We started collecting information about what had happened, how it had happened, and how our safety checks had failed, but the system was complex, the full list of things that had gone wrong was huge, and it was taking a while.
Word began to get back to me that executives in far-away teams were furious. Why did this happen? What team did it? What person had made the mistake?
They were looking for someone to blame.
I worked with my teammates and built a list of all the people we needed to get all the information we needed, and we called a big meeting, and we discussed:
What are all the details of what went wrong to cause the problem?
What went wrong and when?
Once the root problem started, what are all the subsidiary problems that it caused?
How did we fix it?
What were we going to do to keep it from ever happening again?
And two critical questions:
Where did we get lucky?
What went well?
Why did we ask where we got lucky? As terrible as the incident was, it could have been worse. Some accidents had saved us from a worse outage; we might not be so lucky next time. Asking that question helped us think about solutions that would prevent not only this exact problem, but a broader set of similar but meaningfully different problems.
Why did we ask what went well? Because we could think adding those good behaviors or characteristics to other systems. This can also be a moment to recognize the teammates who came together in a crisis, and to inspire others to rise to the challenge next time. Highlighting positivity and hope keeps us motivated through painful experiences.
We channeled the notes from this giant meeting into a retrospective document. (Within Google, the jargon for these retrospectives is “postmortem.”) We shared the document widely, and I made sure it made its way back to those angry executives I’d been warned about.
The retrospective document transformed fear and frustration into solutions. It became a roadmap for several software teams to implement deep and meaningful changes that would prevent anything like this from happening again.
And it let those executives in far-away teams know that the issue was being taken seriously and was being addressed in real and systemic ways. While I cannot know what was in their hearts, I suspect they were able to get more comfort from that than they would have by finding someone to blame.
Learn instead of blaming
When something big goes wrong, we get emotional. We may get angry or frustrated, or sad. Energy surges through us, looking for an outlet.

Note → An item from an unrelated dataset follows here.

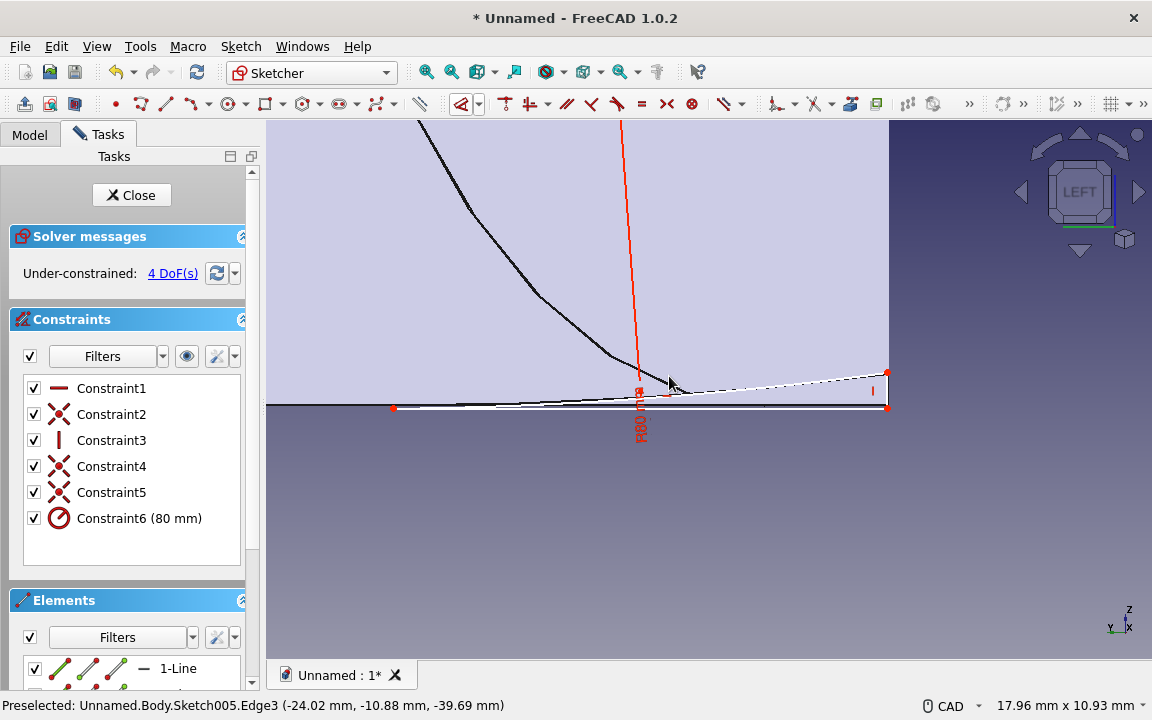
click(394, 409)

If the emotion is anger or frustration, we often point it at another person. Sometimes we may point it at ourselves; for some people, this is an even more destructive habit. Both are forms of blame.
It’s important to remember: the emotion comes first. Where we point that emotion – that’s a decision we make. We may have learned to point it at a person, but that’s usually not the right choice.
Emotions are a gift. They evolved to protect us; in the wake of a disaster (whether it’s at work or in our personal lives), they surge and give us energy to fight the disaster: to get us out of it, and to prevent it from happening again. Emotions are powerful and motivating. Instead of hurting our friends, or ourselves, we can choose to channel the emotions into fighting the problem:
How do we solve the problem we’re in?
What can we learn about ourselves and the world from the problem that just happened?
What can we do to prevent this, or something like this, from happening again?
What can we do so that it’s easier to recover from problems next time?
None of this is to say that people are never to blame. Sometimes people do cruel things. Sometimes it’s not our job to fix them. It’s important to distinguish these from cases where a well-meaning person makes a mistake.
But when something bad happens despite the efforts of well-meaning people, you can be allies together in overcoming the problem and learning from it.
This change in mindset has two benefits: we’re more connected and happier, and we’re more prepared for the next challenge.